The Criterion Collection’s 4K Ultra HD + Blu-ray of Mulholland Dr. is described as a new 4K digital restoration, which ought to mean that it’s newer than the 2015 Blu-ray, which was also said to be from a 4K scan. As before, it was supervised by director David Lynch and the director of photography Peter Deming. Content-wise there’s no difference but I do see a difference in the 4K on my 65″ monitor. We expect the higher contrast to pay off in night scenes, but I noticed it most in daytime scenes with Harring and Watts filmed in rooms that look un-lit, with everything in shadows. The wider contrast makes these all-in-shade interiors look correct — the old DVD transfer either left things dark or washed the picture out a little.
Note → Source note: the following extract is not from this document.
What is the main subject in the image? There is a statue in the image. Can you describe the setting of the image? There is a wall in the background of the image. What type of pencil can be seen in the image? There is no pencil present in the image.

The daytime cinematography again captures the specific light of Los Angeles, sometimes with a slight haze effect. It’s hard to figure what if any of the footage was originally filmed for television, as everything has the theatrical Lynch ‘look.’
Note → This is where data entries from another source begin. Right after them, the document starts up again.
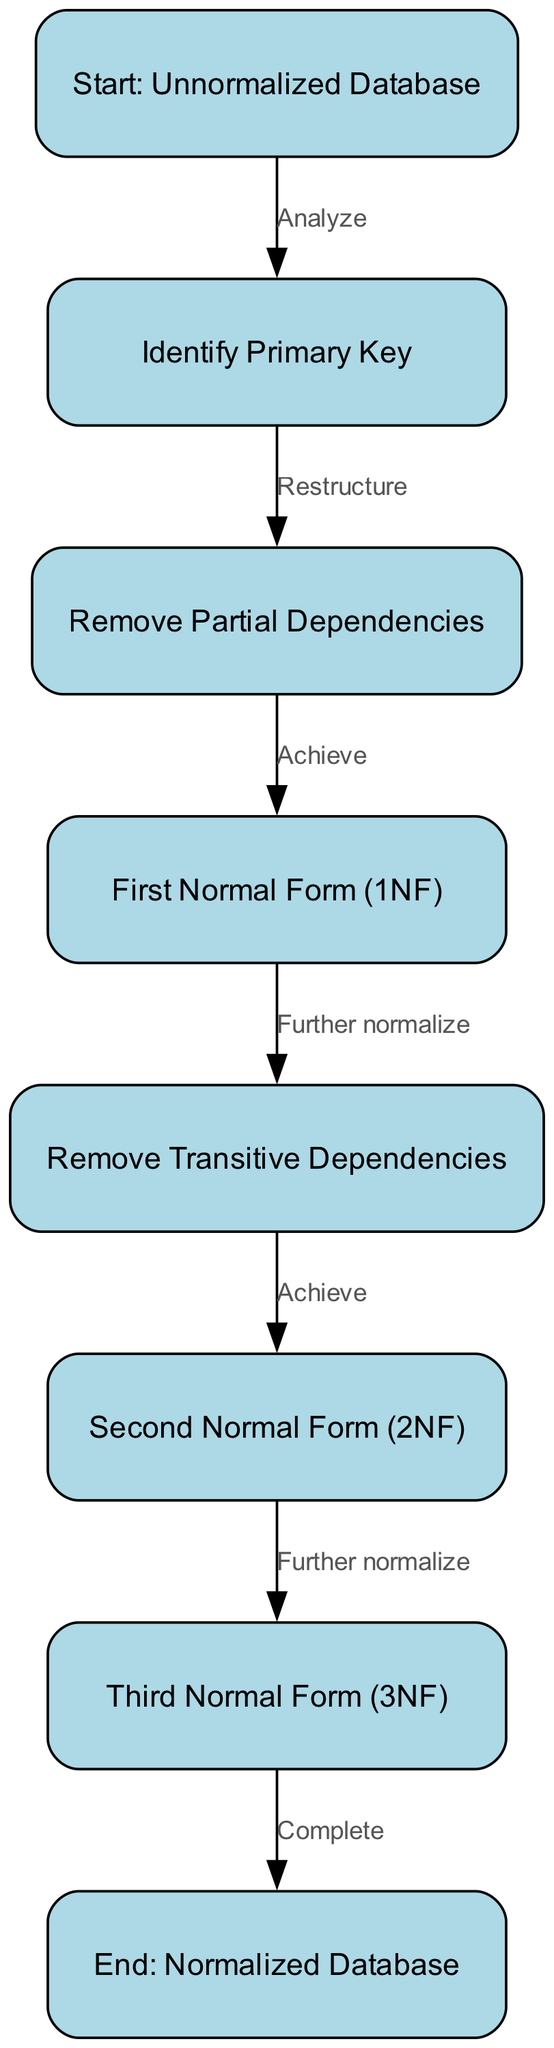What is the first step in the normalization process? The diagram starts with the node labeled "Start: Unnormalized Database," which indicates that the process begins with an unnormalized database.
Answer: Start: Unnormalized Database How many nodes are present in the diagram? By analyzing the diagram, we can count the total number of nodes listed, which are eight in total, representing various steps in the normalization process.
Answer: Eight What is the output after achieving First Normal Form? After reaching the "First Normal Form (1NF)" node, the next step according to the diagram is "Remove Transitive Dependencies." Thus, the output is the action that follows 1NF, which is aiming to "Remove Transitive Dependencies."
Answer: Remove Transitive Dependencies Which node follows "Remove Partial Dependencies"? According to the flow of the diagram, after "Remove Partial Dependencies," the flow leads to "First Normal Form (1NF)." Thus, this is the node that follows it directly in the process.
Answer: First Normal Form (1NF) What process is described between the "Second Normal Form (2NF)" and "Third Normal Form (3NF)"? The diagram indicates that between these two nodes, the action is "Further normalize," which is the process that facilitates the transition from 2NF to 3NF.
Answer: Further normalize What is the final output of the normalization process? The last node in the flowchart is "End: Normalized Database," which signifies that this is the final output after completing all normalization steps.
Answer: End: Normalized Database How many edges are there in total in the diagram? By counting the connections (edges) between the nodes, we can determine that there are seven edges that represent the steps taken from one node to another in the normalization process.
Answer: Seven What transition occurs after achieving Third Normal Form? After reaching the "Third Normal Form (3NF)," the next action defined in the diagram is the completion of the entire process, indicated by "Complete."
Answer: Complete

The extras appear to be identical. David Lynch is generous with his input. He opens up more about his work yet takes care to control the conversation. Sitting in with Naomi Watts, he behaves just like any other enthusiastic filmmaker, excited to remember how she joined the show. Watts expresses her relief that she doesn’t over-act in the scenes where she’s supposed to be a wildly star-struck newcomer. Both she and Laura Herring placed a great deal of trust in Lynch, even when the requirements of the TV show were expanded to R-rated scenes with nudity. The other participants also relish the opportunity to discuss their adventure in the film, and the challenges set by Lynch.

We see some deleted scenes and a large quantity of footage taped on the set. Lynch discusses his modus operandi for instinctive filmmaking in a long and thorough text interview, offered in a handsome 48-page insert booklet. Back in 2015 I noted the fact that Lynch was finally talking more about his work. I wrote that if he kept up this pattern, his branded line might lose some of its mystery. It hasn’t.

 

On 4K in general, for us mid-range consumers:

On the Citizen Kane 4K and on several earlier reviews we’ve been getting notes and comments asking if these new UHD upgrades are worth buying if one already has the previous Blu-ray. There’s no easy answer to that one. 4K UHD is at the moment the Rolls-Royce of formats. The players aren’t outrageously expensive but the display equipment really wants to be oversized. I’ve found that I only appreciate it on an extra-large monitor or a high-quality video projector. On just a couple of occasions I’ve seen 4K displayed in a lavish home theater environments, on a $10,000 super-monitor that maximizes every advantage of the format. Everything looked better than average digital theatrical projection.

Back in the reality of my living room’s 65″ monitor, most of the 4K discs I spin yield an improved picture, but the difference can be pretty negligible.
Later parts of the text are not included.